Em Lisboa, há a Delegação Económica e Comercial de Macau e há, a funcionar nas instalações desta, mas com ela não se confundindo, o CPITMP.
Daí que, ao pessoal que presta serviço no CPITMP, não sendo este uma delegação da RAEM, não sejam aplicáveis as normas especiais resultantes do Regulamento Administrativo 20/2003.
De resto, o Despacho do Chefe do Executivo n.º 154/2005, que criou o CPITMP, embora contenha normas relativas ao pessoal que ali presta funções, nomeadamente os respectivos n.ºs 5, 6 e 7, em lado algum estende a aplicação a esse pessoal das normas especiais do Regulamento Administrativo n.º 20/2003. Pelo contrário.

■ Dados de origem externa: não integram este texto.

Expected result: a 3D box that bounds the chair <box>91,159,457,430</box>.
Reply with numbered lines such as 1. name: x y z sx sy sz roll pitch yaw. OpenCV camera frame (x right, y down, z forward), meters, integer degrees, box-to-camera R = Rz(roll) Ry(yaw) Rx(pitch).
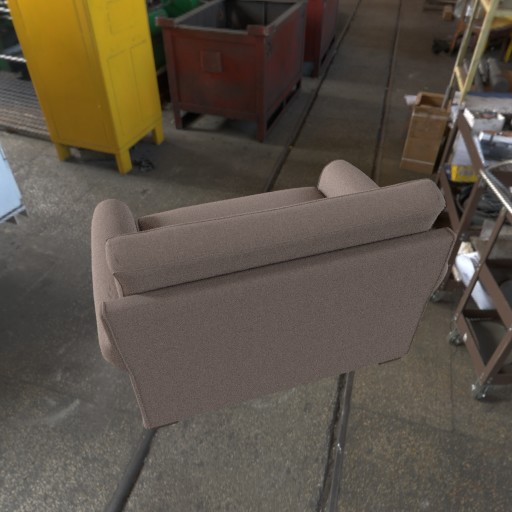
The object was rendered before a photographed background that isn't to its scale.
1. chair: 0.000 0.000 2.022 1.390 0.930 0.930 -12 42 -13

O Despacho especificou, relativamente ao coordenador do CPITMP,  que este é remunerado segundo o índice 700 da tabela indiciária (cfr. o ponto 5 do Despacho do Chefe do Executivo n.º 154/2005), para além, naturalmente das componentes remuneratórias previstas, em geral para os trabalhadores da Administração Pública, no ETAPM.
Também não se pode dizer que existe uma lacuna carecedora de integração uma vez que parece claro que o autor da regulação normativa da matéria em causa, o Chefe do Executivo, não quis estender ao pessoal do CPITMP os direitos e as regalias previstas no Regulamento Administrativo 20/2003. Estabeleceu em relação ao pessoal das delegações e ao pessoal do CPITMP uma diferenciação que se justifica pelo facto de se tratar de estruturas administrativas muito diferentes entre si. Se quisesse ver aplicado o mesmo estatuto bastaria introduzir uma norma remissiva no Despacho n.º 154/2005. O certo é que não o fez.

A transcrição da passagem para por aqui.